À bien des égards, Bernanke a été traité sévèrement quand il est devenu président. La Fed a fait beaucoup d'erreurs au début de cette décennie — en premier lieu, le maintien des taux d'intérêt trop bas pendant trop longtemps — qui ne sont pas entièrement de sa faute. Mais quand la crise a frappé alors qu'il était le patron, il eut un choix à faire : il aurait pu s'en tenir aux règles orthodoxes qui auraient aidé à rompre le lien entre l'effondrement du marché immobilier et la récession, en maintenant la Fed fermement concentrée sur l'objectif de préserver la disponibilité globale des liquidités pour le système bancaire. Au lieu de cela, il a pris les devants en accordant des cadeaux inutiles et ad hoc aux banques individuelles qui, souvent, n'en avaient pas besoin ou n’en valaient pas la peine.
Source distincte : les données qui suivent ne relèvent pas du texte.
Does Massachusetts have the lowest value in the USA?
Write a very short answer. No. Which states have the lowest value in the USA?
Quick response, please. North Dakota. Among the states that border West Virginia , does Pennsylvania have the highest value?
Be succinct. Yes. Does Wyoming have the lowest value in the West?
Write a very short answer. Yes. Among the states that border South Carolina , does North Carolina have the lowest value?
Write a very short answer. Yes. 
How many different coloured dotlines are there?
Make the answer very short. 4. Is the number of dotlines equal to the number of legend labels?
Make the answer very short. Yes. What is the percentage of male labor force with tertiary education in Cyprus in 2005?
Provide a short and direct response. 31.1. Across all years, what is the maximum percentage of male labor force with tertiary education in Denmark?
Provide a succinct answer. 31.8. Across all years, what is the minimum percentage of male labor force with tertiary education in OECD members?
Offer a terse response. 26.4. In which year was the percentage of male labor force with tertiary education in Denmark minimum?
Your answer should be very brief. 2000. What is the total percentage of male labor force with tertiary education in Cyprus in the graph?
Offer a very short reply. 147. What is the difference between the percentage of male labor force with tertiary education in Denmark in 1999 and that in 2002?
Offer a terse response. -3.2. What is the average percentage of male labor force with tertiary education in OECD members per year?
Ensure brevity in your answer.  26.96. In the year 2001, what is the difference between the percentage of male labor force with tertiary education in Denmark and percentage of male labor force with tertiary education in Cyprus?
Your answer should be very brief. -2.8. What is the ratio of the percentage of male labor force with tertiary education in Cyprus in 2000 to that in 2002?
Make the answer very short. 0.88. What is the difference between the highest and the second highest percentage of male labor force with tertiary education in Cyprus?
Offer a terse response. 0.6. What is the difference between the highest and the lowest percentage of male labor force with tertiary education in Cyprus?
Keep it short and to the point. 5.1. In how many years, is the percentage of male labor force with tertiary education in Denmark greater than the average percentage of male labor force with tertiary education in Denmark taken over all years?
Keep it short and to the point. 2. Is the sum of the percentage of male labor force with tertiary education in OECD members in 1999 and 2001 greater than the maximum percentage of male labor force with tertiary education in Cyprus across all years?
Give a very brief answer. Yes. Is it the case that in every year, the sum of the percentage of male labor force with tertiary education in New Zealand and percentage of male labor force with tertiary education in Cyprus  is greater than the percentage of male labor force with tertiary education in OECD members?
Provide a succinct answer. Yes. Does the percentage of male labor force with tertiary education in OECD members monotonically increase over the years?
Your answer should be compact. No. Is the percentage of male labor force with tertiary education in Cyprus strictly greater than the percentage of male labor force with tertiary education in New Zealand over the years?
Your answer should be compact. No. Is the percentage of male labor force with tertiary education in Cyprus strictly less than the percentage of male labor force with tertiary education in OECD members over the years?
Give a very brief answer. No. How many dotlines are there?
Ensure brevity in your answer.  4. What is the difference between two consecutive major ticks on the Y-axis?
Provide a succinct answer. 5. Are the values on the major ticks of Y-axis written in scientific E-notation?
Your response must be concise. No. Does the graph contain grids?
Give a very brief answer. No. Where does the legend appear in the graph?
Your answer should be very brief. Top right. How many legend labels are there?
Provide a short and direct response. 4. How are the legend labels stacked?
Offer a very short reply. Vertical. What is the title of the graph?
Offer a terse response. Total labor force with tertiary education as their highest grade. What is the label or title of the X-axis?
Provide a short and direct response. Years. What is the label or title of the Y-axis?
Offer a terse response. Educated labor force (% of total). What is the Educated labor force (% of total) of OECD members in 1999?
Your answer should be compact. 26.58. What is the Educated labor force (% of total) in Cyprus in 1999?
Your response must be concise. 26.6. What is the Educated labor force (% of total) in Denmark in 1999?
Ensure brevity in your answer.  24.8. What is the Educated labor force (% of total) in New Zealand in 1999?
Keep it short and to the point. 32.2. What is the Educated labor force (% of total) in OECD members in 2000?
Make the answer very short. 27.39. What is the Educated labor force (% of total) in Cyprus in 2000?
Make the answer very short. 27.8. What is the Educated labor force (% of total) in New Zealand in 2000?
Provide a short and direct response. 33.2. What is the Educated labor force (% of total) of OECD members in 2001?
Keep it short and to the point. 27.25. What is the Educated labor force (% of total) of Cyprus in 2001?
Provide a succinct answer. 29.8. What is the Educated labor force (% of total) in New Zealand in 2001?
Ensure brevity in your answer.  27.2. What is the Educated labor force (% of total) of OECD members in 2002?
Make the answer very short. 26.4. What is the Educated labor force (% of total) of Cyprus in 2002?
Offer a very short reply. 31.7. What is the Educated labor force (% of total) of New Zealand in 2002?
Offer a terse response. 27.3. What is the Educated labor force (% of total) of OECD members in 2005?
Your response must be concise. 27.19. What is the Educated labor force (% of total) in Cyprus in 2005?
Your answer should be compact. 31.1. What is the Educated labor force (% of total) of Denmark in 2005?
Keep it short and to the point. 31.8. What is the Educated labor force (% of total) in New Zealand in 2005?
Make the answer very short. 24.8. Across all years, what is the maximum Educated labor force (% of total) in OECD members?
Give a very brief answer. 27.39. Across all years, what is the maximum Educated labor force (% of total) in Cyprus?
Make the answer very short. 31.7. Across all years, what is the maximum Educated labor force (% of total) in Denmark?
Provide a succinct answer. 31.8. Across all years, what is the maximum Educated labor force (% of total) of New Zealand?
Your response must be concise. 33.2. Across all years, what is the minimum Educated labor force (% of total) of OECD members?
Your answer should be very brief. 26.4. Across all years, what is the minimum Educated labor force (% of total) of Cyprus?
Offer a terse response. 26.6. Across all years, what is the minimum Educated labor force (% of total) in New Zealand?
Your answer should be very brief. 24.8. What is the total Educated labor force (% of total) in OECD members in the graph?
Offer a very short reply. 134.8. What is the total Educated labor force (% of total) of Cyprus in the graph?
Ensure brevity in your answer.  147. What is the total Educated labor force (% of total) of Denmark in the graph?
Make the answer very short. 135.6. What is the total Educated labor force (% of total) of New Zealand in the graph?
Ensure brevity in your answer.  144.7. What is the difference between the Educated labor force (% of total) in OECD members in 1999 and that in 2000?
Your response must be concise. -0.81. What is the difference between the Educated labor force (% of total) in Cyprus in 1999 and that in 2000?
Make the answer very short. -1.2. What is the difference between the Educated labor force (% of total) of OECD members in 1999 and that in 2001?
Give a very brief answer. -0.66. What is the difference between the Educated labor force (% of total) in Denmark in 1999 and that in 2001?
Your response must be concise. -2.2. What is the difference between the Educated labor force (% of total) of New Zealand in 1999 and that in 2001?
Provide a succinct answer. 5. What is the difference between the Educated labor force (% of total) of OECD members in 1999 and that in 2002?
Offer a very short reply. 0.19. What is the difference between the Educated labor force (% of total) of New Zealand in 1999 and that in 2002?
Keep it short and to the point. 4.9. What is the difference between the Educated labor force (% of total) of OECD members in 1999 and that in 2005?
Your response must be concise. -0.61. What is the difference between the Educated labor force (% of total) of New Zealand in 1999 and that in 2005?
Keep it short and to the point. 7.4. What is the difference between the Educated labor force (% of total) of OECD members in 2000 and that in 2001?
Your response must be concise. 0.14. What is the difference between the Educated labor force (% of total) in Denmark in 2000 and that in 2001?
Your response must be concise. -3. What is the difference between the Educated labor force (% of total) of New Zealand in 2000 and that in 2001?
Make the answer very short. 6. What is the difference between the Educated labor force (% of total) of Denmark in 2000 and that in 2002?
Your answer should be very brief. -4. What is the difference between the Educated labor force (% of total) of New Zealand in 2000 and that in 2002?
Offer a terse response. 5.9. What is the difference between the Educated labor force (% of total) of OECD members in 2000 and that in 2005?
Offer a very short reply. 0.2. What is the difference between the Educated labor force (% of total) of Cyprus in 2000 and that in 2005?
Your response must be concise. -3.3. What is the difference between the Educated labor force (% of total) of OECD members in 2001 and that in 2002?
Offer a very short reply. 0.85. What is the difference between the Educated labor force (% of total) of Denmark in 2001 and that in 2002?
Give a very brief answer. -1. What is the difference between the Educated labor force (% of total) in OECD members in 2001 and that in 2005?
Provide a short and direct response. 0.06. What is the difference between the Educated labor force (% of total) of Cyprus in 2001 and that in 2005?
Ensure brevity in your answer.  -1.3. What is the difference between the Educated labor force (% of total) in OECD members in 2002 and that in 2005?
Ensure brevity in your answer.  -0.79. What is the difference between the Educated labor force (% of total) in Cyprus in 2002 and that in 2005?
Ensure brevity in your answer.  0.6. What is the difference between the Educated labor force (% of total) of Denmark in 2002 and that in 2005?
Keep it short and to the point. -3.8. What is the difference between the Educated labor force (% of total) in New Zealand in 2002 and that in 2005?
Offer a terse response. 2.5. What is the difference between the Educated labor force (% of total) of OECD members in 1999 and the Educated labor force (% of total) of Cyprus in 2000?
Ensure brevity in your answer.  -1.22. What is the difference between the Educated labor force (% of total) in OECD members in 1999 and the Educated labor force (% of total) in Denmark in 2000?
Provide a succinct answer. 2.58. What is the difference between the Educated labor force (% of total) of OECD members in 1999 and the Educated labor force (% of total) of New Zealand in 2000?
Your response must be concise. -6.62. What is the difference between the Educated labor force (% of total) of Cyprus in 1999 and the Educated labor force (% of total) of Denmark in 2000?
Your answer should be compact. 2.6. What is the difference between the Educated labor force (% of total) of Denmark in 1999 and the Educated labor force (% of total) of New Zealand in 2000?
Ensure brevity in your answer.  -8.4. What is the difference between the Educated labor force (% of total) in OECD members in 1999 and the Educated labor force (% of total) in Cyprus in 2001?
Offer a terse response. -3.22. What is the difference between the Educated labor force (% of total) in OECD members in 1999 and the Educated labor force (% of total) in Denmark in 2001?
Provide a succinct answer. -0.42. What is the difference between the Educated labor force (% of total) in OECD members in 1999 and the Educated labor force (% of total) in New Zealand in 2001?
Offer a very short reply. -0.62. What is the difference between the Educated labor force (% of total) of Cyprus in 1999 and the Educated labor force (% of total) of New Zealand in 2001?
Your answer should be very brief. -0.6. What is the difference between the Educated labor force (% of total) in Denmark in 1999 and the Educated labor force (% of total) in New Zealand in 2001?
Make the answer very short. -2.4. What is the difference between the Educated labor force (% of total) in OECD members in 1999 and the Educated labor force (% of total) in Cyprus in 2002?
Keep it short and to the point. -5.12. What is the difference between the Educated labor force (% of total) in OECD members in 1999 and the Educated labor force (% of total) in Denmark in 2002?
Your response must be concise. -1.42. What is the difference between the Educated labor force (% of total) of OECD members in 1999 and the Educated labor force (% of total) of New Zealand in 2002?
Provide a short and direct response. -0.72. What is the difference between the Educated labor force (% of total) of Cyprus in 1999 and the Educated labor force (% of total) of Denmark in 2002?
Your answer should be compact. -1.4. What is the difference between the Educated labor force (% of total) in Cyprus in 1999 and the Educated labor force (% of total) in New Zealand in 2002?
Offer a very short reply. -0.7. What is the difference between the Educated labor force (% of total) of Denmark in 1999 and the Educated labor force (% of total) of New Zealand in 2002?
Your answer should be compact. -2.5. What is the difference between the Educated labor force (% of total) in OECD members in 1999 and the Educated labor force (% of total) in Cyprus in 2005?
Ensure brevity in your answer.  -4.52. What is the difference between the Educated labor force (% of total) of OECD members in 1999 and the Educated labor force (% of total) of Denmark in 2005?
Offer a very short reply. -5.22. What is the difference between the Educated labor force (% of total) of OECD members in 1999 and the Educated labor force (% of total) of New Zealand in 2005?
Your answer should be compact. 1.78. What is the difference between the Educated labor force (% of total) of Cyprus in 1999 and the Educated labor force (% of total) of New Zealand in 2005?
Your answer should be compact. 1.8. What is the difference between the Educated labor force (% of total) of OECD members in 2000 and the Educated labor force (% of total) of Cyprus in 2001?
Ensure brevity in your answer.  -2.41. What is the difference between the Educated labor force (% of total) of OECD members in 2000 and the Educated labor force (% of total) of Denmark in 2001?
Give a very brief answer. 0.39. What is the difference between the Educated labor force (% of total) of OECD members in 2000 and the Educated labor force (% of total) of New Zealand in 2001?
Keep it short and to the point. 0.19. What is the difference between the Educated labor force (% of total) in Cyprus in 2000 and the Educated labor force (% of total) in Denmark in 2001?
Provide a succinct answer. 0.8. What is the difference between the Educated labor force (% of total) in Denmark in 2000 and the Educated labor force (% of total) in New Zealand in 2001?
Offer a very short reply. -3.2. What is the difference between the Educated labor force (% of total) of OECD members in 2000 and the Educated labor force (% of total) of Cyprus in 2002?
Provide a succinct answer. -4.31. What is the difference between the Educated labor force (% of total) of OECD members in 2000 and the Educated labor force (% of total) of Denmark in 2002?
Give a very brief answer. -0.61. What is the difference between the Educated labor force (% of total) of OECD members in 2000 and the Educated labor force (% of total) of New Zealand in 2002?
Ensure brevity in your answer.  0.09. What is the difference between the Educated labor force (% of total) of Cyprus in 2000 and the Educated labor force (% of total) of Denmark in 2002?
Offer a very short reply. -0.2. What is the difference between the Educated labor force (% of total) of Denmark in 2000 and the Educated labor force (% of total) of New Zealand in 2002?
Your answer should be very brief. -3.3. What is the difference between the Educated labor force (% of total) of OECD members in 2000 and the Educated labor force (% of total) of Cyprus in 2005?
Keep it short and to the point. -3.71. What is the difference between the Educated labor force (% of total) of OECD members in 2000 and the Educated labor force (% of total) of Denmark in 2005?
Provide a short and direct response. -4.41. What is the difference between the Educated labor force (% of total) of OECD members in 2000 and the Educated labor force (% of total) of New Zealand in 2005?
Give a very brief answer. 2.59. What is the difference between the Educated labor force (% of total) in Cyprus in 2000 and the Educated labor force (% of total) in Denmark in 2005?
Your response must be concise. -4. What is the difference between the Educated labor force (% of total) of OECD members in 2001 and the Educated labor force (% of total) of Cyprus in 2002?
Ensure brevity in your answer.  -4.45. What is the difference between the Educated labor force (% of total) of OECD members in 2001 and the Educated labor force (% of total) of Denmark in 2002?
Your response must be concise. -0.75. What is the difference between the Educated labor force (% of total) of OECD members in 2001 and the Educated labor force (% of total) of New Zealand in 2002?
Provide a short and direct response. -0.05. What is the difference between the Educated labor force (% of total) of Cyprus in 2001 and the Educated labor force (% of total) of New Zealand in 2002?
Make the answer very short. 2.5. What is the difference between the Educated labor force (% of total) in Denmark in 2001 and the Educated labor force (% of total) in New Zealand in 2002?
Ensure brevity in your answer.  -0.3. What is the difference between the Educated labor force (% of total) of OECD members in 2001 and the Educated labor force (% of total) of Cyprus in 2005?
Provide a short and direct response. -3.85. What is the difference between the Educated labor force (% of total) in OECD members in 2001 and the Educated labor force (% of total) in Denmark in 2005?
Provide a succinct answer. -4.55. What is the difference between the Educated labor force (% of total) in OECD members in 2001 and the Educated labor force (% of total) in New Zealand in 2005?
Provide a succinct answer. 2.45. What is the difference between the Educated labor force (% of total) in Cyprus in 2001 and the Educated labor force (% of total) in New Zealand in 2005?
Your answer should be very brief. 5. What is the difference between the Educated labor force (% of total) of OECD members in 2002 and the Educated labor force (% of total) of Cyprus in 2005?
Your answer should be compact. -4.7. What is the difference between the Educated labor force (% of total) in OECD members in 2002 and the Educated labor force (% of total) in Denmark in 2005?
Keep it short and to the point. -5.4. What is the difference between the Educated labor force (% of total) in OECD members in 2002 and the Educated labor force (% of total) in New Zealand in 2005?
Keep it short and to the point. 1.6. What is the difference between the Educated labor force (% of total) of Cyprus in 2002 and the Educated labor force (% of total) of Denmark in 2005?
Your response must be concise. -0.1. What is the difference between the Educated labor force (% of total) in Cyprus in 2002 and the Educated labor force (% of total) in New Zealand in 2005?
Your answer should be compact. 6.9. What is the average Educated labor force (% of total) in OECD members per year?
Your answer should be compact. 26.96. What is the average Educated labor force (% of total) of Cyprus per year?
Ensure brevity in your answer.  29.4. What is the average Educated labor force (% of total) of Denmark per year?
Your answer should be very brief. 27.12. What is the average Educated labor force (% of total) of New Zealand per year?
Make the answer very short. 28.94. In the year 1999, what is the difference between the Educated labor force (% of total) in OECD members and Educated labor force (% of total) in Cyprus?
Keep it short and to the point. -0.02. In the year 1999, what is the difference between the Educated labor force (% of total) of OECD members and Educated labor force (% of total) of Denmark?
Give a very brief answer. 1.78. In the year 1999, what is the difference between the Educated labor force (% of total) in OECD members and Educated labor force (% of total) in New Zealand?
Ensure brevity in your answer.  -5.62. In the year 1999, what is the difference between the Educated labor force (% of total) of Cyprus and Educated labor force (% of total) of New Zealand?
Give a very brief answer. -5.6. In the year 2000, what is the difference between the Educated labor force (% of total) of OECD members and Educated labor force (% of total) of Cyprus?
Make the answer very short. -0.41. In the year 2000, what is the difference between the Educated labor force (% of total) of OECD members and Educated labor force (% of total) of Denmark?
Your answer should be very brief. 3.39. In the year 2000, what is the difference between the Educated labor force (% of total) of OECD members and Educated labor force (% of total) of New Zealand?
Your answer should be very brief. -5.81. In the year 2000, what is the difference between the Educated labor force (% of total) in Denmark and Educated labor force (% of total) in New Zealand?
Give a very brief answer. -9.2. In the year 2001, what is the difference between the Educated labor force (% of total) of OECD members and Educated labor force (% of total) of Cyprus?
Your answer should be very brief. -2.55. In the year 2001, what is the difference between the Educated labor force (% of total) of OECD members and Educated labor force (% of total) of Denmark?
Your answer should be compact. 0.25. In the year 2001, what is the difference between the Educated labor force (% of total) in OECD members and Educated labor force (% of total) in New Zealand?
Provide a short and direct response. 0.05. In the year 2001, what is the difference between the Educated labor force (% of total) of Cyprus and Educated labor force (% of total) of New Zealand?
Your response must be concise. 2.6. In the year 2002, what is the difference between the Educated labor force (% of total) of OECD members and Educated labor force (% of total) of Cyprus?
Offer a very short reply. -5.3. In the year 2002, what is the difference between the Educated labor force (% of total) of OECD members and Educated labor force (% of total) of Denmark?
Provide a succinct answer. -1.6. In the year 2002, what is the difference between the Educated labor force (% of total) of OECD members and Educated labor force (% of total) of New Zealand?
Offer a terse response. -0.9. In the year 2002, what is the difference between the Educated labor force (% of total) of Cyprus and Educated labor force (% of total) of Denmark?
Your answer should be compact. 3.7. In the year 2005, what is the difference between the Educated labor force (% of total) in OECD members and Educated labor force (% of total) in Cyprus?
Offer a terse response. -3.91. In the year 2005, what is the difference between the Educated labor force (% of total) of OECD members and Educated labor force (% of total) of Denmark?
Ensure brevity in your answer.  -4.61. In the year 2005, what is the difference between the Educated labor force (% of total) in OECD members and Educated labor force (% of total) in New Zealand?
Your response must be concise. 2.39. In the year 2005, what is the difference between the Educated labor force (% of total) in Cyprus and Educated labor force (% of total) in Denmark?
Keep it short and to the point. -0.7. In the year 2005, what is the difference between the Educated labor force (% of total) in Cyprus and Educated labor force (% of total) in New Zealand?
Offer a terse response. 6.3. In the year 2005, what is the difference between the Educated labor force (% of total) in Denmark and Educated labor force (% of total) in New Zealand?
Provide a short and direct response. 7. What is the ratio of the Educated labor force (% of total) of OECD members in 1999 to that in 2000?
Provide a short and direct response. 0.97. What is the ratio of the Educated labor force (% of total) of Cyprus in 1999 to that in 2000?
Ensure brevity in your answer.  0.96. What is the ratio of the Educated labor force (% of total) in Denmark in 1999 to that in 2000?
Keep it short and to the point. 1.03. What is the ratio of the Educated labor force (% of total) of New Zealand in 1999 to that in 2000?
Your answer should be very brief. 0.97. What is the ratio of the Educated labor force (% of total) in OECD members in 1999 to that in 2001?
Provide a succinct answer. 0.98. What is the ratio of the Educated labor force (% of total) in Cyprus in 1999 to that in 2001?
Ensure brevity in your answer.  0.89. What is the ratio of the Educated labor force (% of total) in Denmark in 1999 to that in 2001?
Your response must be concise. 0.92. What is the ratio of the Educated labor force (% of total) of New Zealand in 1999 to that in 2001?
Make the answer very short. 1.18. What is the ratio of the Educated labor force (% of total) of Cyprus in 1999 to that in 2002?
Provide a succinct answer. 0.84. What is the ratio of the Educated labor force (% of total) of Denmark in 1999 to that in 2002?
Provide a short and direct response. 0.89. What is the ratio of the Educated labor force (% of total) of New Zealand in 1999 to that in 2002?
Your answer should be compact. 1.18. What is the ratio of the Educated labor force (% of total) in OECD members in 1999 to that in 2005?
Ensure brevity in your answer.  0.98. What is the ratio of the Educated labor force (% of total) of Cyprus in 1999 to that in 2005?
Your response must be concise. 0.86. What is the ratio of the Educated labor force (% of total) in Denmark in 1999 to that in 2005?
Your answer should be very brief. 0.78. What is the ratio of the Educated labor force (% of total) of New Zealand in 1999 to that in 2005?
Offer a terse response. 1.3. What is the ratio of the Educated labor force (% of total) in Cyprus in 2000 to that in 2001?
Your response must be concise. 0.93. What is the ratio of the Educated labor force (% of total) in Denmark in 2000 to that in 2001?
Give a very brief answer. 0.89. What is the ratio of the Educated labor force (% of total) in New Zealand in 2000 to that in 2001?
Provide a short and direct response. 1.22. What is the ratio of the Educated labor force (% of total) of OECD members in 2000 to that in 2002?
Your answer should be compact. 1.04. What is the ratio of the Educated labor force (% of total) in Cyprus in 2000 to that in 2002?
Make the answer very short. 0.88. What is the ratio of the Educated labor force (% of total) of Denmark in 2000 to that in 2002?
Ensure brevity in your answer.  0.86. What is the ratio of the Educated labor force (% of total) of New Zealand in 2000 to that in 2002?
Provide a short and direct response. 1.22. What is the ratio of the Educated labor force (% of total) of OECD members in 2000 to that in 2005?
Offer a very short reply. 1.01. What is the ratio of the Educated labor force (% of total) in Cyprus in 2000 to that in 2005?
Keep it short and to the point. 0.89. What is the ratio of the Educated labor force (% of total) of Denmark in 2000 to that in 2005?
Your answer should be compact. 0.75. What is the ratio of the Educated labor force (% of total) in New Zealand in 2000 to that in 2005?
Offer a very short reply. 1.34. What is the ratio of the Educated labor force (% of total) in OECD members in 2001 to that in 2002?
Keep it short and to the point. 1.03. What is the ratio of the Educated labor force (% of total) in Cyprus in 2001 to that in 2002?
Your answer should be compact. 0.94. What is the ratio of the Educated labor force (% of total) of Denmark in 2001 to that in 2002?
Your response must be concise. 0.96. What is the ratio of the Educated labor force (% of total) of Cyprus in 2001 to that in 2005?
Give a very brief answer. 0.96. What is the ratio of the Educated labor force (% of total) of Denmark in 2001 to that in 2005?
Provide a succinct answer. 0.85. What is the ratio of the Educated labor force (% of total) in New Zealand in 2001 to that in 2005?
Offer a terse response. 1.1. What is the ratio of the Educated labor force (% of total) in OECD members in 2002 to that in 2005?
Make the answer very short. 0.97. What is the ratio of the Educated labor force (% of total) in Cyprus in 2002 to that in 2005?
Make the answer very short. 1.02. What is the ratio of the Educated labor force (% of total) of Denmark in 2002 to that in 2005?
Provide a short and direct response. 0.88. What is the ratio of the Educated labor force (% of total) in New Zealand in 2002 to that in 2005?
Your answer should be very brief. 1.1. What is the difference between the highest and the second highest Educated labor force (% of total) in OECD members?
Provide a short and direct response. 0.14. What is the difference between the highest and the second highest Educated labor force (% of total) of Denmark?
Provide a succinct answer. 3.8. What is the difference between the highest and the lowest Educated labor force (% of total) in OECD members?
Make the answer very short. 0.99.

Un strict respect de son rôle traditionnel de maintien d'un accès sain des banques aux liquidités aurait également empêché la Fed de compromettre effectivement la solvabilité des banques en subventionnant les firmes imprudentes.
Si le Congrès US souhaite réellement encourager Bernanke à lutter efficacement contre les récessions à venir, il doit prendre des mesures pour le contraindre à s'en tenir aux procédures de politique monétaire classiques, au lieu de le féliciter pour ses innovations qui ont fait peut-être plus de mal que de bien.

* Professeur d’économie à l’Université de Géorgie et analyste au Cato Institute de Washington DC.